LE QUOTIDIEN : D’après vous, quel rôle joue la féminisation en médecine ?
Dr FÉLICIA JOINAU-ZOULOVITS : Systématiquement élaborés par des hommes, les cours esquivaient l’approche globale du patient. Encore aujourd’hui, sauf exception, les chefs de service sont des hommes. Dans le 93 où j’exerce, j’ai mis en place des modules de communication et « savoir-être » pour les internes, en réaction à une idéologie dominante de la performance : qui va le plus vite ? Qui en fait le plus ? Et c’est là toute l’ironie : c’est lorsqu’on va contre cette façon de penser qu’on obtient de meilleurs résultats en matière de survie. Hélas, deux hommes ont claqué la porte à cause de ce « trop-plein » d’implication émotionnelle et personnelle.
Pour quelles raisons des pratiques dites « féminines » sont-elles susceptibles d’améliorer la survie ?
Quand le « care » n’est pas pris en compte, nous constatons inlassablement plus de complications. Aussi, dans mon service, je veille à ce que les collègues chirurgiens passent systématiquement voir les patientes en pré- et postop afin de s'assurer de la prise d'antalgiques. En effet, des patientes reviennent souvent à cause d’une douleur physique dont elles n’ont pas entendu parler, ce qui alimente le stress et augmente le risque de complications.

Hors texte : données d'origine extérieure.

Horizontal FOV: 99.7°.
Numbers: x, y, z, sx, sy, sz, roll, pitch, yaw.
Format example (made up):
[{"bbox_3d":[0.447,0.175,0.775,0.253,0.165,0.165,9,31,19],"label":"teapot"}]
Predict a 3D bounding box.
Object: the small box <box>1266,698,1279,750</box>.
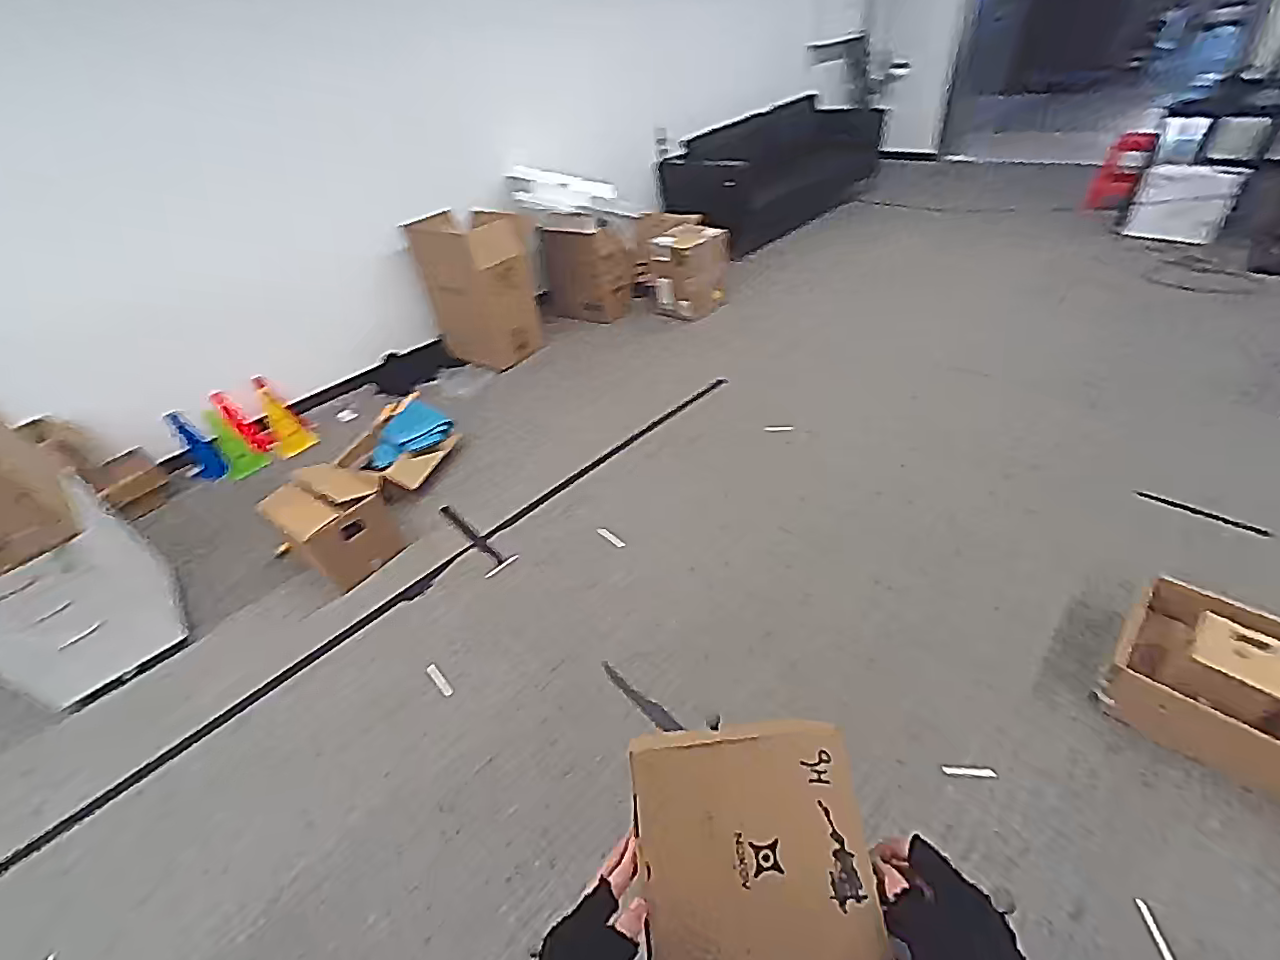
[{"bbox_3d":[1.609,0.563,1.234,0.168,0.176,0.179,-37,44,-29],"label":"small box"}]
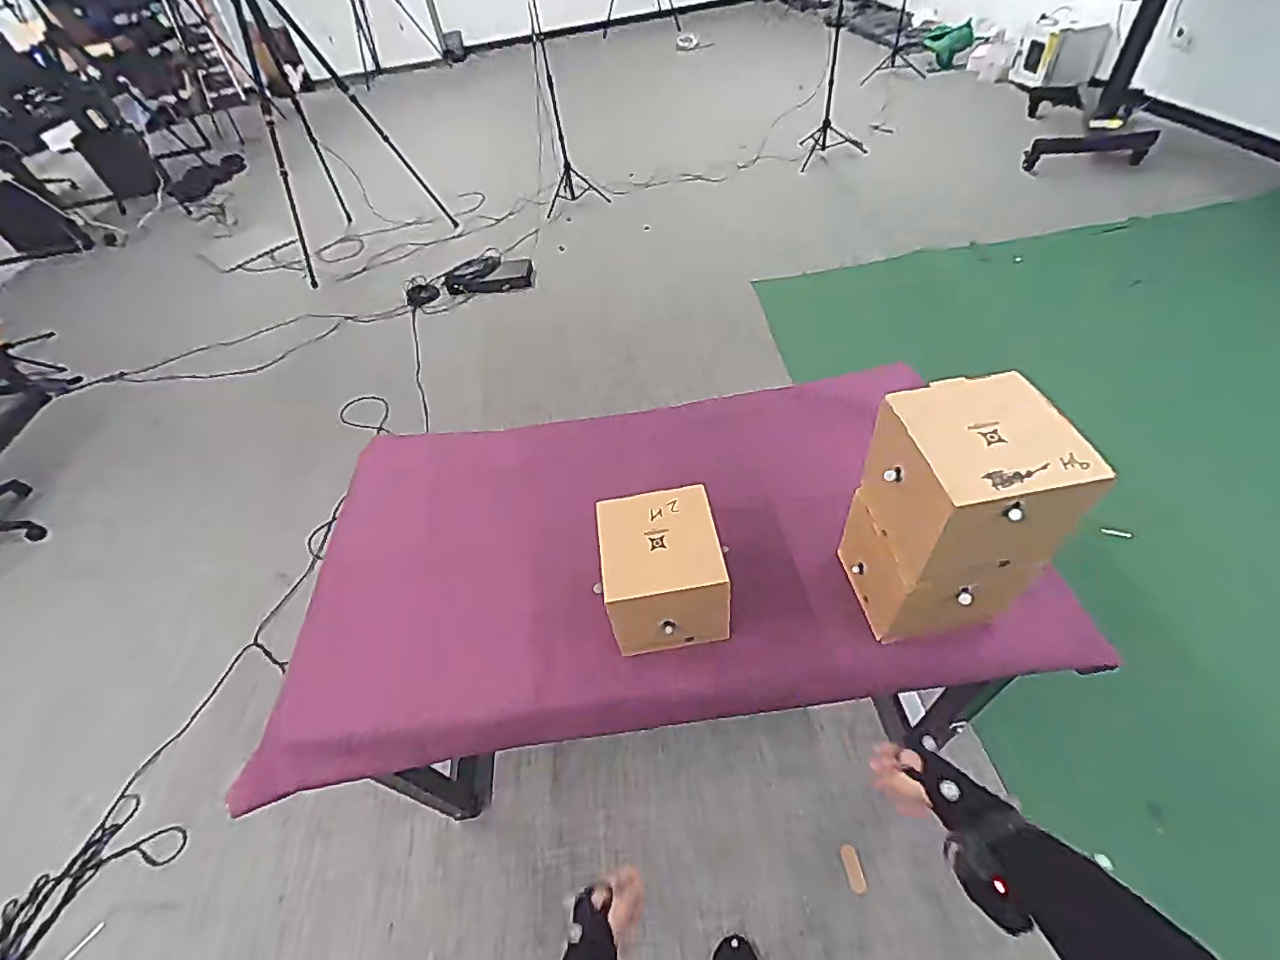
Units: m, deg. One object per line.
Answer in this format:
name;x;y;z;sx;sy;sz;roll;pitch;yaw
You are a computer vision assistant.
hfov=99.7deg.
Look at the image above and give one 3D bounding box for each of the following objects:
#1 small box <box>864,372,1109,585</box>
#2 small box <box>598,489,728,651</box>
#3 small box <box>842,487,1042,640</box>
small box;0.391;0.001;0.655;0.168;0.176;0.179;-12;48;3
small box;0.036;0.142;0.817;0.168;0.176;0.179;-10;47;1
small box;0.413;0.109;0.777;0.179;0.176;0.168;-12;49;2
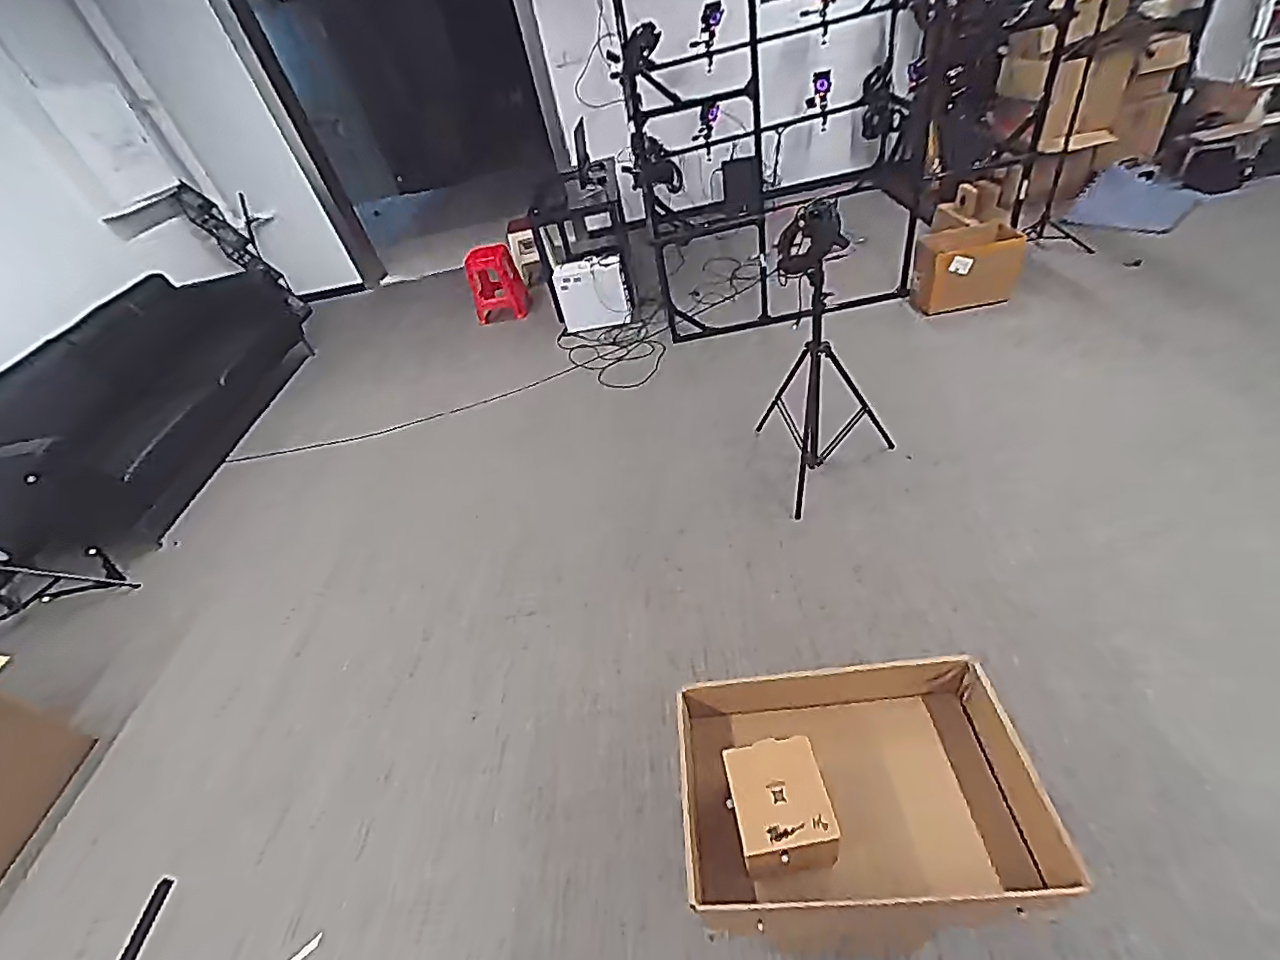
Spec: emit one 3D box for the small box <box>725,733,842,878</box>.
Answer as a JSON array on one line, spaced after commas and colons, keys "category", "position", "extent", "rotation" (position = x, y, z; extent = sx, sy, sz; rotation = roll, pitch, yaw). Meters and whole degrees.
[{"category": "small box", "position": [0.263, 0.611, 1.015], "extent": [0.168, 0.176, 0.179], "rotation": [-13, 41, 3]}]
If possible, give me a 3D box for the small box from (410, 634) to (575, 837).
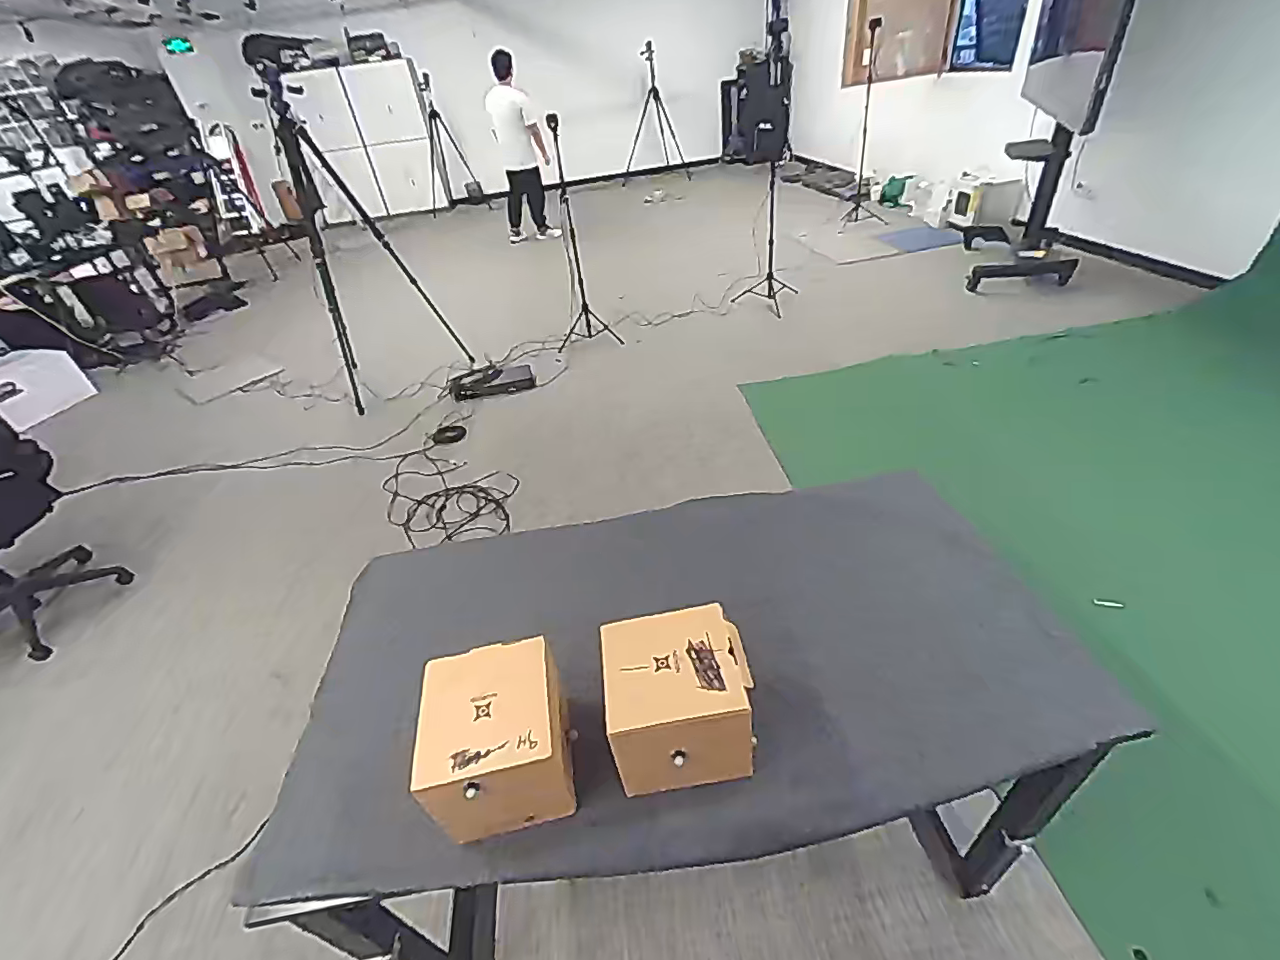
[{"bbox_3d":[-0.188,0.345,0.735,0.168,0.176,0.179,-12,38,-3],"label":"small box"}]
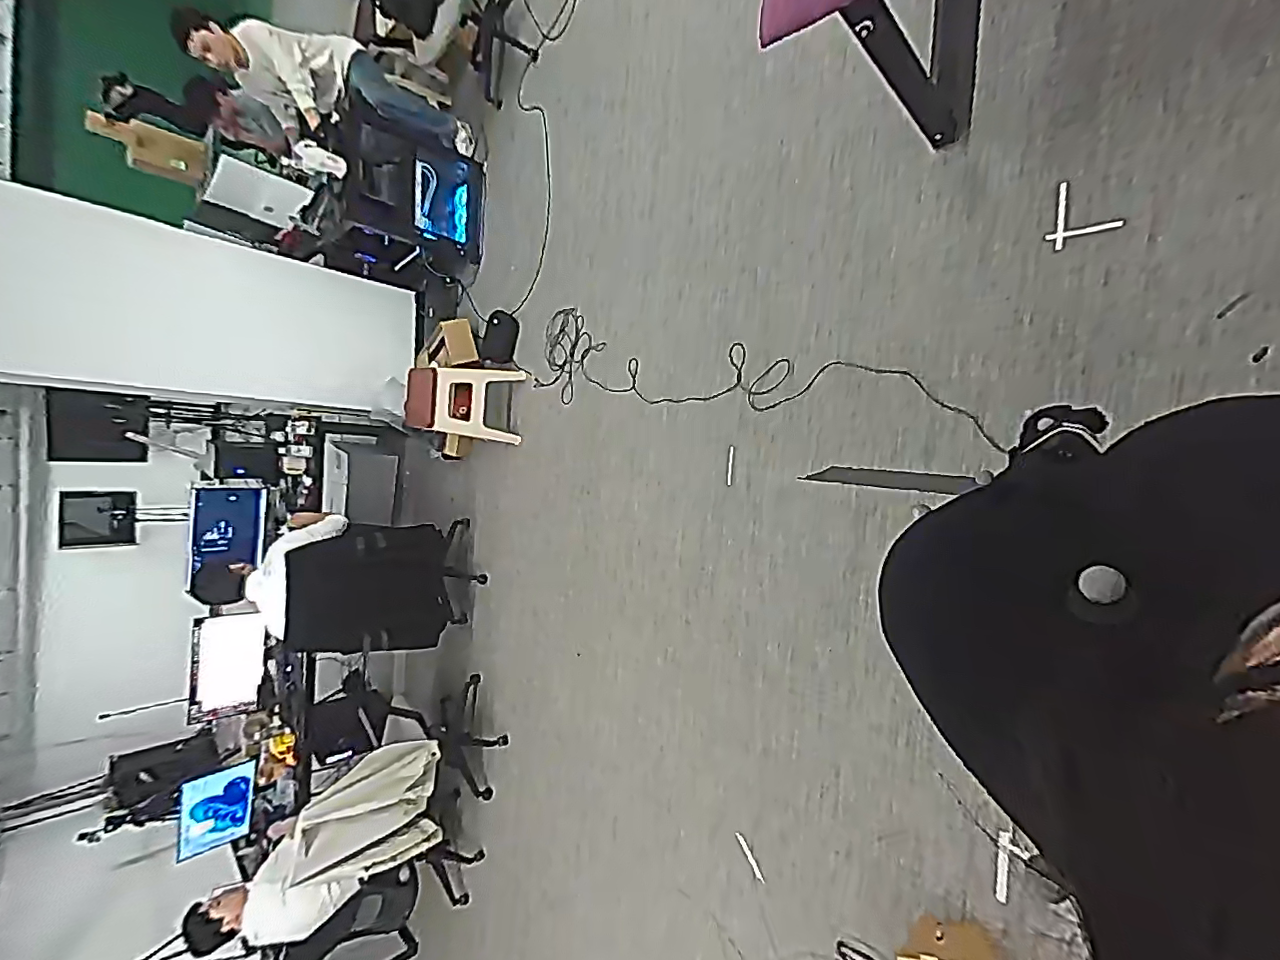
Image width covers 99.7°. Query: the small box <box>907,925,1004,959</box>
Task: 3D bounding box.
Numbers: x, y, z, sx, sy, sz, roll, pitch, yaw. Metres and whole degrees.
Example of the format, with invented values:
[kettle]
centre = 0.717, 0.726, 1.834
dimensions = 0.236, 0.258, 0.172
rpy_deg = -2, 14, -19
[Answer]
[small box]
centre = 0.776, 1.212, 1.291
dimensions = 0.168, 0.176, 0.179
rpy_deg = -31, 67, 40

Un jour, un collègue s’en sortait mal avec une cœlioscopie, comme cela peut arriver à n’importe qui. Persuadé qu’il y arriverait seul, il a attendu trop longtemps avant de demander de l’aide. Des complications s’en sont suivies. Une femme médecin aurait eu plus de chances de faire preuve d’humilité et demander à être en binôme.
D’où viennent ces différences dans la pratique ?
Les femmes sont « dressées » à être de bons soldats. Très tôt à l’école, nous sommes dociles, désireuses de « faire plaisir ». L’ego est moins valorisé que chez nos confrères. Face à une femme qui prend des risques, la société crie à l’hystérie. Pour un homme, il s’agit de courage. Les femmes intègrent d’abord le cadre et après, pensent éventuellement en dehors. Les hommes le transgressent d’emblée.